→ **PROBLEM DETAILS**
Among the lines below, restate word for word only those from the line with "Numbers: x, y, z, sx, sy, sz, roll, pitch, yaw. Metres" through the line with "toolbox at (-0.299, 0.227, 1.745)", with both end lines kept.

→ **THE DATA**
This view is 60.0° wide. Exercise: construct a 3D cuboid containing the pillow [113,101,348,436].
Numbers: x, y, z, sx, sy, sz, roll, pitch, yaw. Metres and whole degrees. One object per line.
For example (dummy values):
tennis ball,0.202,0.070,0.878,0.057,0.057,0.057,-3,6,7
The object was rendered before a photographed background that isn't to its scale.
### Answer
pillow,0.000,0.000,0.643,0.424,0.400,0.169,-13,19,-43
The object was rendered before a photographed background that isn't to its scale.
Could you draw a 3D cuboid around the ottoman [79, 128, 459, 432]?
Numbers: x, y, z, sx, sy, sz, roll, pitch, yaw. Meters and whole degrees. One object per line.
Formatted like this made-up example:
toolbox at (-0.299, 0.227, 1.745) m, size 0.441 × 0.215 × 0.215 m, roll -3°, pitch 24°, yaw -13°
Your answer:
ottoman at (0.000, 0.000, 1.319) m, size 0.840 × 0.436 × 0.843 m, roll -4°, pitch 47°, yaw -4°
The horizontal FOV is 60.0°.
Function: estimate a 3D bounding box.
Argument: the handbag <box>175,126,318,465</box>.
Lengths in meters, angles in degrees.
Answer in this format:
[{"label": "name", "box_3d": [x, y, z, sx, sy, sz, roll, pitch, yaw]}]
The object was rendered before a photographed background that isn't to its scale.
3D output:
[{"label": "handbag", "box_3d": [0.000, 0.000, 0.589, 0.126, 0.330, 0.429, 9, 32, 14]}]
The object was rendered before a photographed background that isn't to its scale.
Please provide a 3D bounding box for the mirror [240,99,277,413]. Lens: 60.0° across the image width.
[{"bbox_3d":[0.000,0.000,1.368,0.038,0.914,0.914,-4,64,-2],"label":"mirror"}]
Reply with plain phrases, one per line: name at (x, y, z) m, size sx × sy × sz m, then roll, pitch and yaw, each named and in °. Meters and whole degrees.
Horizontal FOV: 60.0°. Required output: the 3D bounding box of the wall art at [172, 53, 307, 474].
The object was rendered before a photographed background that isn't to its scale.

→ **EXERCISE ANSWER**
Numbers: x, y, z, sx, sy, sz, roll, pitch, yaw. Metres and whole degrees. One object per line.
For example (dummy values):
tennis ball,0.202,0.070,0.878,0.057,0.057,0.057,-3,6,7
The object was rendered before a photographed background that isn't to its scale.
### Answer
pillow,0.000,0.000,0.643,0.424,0.400,0.169,-13,19,-43
The object was rendered before a photographed background that isn't to its scale.
Could you draw a 3D cuboid around the ottoman [79, 128, 459, 432]?
Numbers: x, y, z, sx, sy, sz, roll, pitch, yaw. Meters and whole degrees. One object per line.
Formatted like this made-up example:
toolbox at (-0.299, 0.227, 1.745) m, size 0.441 × 0.215 × 0.215 m, roll -3°, pitch 24°, yaw -13°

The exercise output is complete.